Drawing and Watercolour

Materials:

Gouache, Watercolour, Graphite, Sand, Binder, Paper

Dimensions:

200 x 140 cm

Credit:

Presented by the Contemporary Art Society, 2023/24

Ownership history:

Purchased from Maximillian William, London by the Contemporary Art Society, 26 March 2024; presented to York Art Gallery, 2023/24
Ro Robertson’s practice spans sculpture, drawing, painting and video, mediums through which to explore the boundaries of the human body and its environment. Robertson works in a site-specific way, often outdoors, with a multisensory focus on the body in the landscape. Unity between the material of the natural landscape and the body reclaims a space for LGBTQIA+ identity in the face of a history of its being deemed ‘against nature’. Physical explorations of the natural landscape feed into ‘automatic’ abstract drawings and short meditative video works. Robertson’s large-scale sculptures embed the fluidity of this cyclical practice into rigid and industrial materials such as Corten steel and marine paint. These materials create a bridge between the artist’s family heritage of shipbuilding and their sculptural practice.

Porth II (2023) is part of Interlude, an installation that brings together drawings and steel sculpture. It was commissioned by Tate St Ives in response to the unique position of the museum’s central sea-facing gallery, which overlooks Porthmeor Beach. Robertson used automatic techniques to draw freely and unconsciously en plein air directly on the beach, reflecting the ‘improvisation of the sea and the chance compositions it leaves behind’. Inspired by the tidal zone of the shoreline, which is submerged at high tide and exposed at low tide -in the artist’s words ‘rewriting’ the beach twice a day – the drawing appears in flux. Titled with the musical term for a passage bridging two instrumental sections, Interlude addresses ideas of existing ‘in-between’, exploring meeting points between mind and body, body and land, land and sea, or rigid steel and fluid paint.

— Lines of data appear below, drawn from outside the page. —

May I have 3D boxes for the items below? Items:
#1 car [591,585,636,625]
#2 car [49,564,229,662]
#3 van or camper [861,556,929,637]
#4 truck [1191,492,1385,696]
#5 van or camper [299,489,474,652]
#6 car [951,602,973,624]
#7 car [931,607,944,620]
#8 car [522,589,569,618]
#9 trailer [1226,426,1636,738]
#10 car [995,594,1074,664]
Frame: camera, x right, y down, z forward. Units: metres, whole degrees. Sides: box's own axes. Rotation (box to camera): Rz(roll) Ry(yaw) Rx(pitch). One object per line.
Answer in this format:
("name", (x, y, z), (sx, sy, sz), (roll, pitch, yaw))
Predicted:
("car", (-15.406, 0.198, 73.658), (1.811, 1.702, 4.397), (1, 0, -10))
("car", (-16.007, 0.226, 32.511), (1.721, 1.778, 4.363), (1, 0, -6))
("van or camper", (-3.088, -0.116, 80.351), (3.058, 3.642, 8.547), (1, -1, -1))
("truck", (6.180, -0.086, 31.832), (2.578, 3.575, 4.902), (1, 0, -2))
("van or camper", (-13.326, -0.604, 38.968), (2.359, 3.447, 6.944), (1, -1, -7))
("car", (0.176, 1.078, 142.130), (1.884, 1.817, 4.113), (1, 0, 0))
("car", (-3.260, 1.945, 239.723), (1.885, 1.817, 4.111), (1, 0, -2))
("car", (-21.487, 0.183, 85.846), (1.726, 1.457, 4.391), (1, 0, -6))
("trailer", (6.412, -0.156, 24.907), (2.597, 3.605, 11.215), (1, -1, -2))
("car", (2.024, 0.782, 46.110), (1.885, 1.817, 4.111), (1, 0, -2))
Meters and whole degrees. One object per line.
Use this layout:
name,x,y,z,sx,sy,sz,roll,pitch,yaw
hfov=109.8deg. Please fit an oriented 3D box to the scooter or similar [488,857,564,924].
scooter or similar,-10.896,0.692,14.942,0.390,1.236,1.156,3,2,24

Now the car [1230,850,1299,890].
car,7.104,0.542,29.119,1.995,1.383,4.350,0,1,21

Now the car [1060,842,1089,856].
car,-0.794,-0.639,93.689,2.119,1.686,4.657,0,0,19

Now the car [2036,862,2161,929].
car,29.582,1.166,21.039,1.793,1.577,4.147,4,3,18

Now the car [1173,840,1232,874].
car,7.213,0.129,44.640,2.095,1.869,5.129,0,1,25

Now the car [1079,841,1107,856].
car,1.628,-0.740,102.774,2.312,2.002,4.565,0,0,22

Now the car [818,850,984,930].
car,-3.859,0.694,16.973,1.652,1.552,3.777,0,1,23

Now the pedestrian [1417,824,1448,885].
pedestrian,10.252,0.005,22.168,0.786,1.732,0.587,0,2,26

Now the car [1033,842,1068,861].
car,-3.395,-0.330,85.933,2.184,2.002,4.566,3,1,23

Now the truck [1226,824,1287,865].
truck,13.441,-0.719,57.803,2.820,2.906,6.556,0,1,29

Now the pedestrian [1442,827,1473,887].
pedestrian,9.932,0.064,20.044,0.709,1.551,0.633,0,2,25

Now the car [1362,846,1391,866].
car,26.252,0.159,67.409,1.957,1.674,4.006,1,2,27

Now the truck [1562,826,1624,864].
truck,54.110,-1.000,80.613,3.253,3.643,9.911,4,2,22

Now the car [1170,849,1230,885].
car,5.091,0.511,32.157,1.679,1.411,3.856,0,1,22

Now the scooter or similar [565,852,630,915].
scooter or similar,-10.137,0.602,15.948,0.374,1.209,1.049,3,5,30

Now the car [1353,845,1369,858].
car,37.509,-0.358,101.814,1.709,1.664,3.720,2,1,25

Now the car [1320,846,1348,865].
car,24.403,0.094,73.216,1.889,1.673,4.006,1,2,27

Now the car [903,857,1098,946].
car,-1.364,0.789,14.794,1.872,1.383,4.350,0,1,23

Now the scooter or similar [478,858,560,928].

Inspired by York-born 19th-century painter William Etty and his innovative exploration of the nude figure, York Art Gallery has since 2012 expanded its collection of modern and contemporary art responding to the theme of the body. Robertson joins an ever-growing group of contemporary artists who are concerned with the relationship between the body and landscape, including Jade de Montserrat and Phoebe Collings-James. Robertson also continues a tradition of artists working outdoors, in response to the elements, and this history can be traced through York’s Art Gallery’s collection. Echoing the coastal scenery that inspired it, Porth II (2023) oscillates between this tradition and an inner landscape that disrupts binary ideas around gender and nature.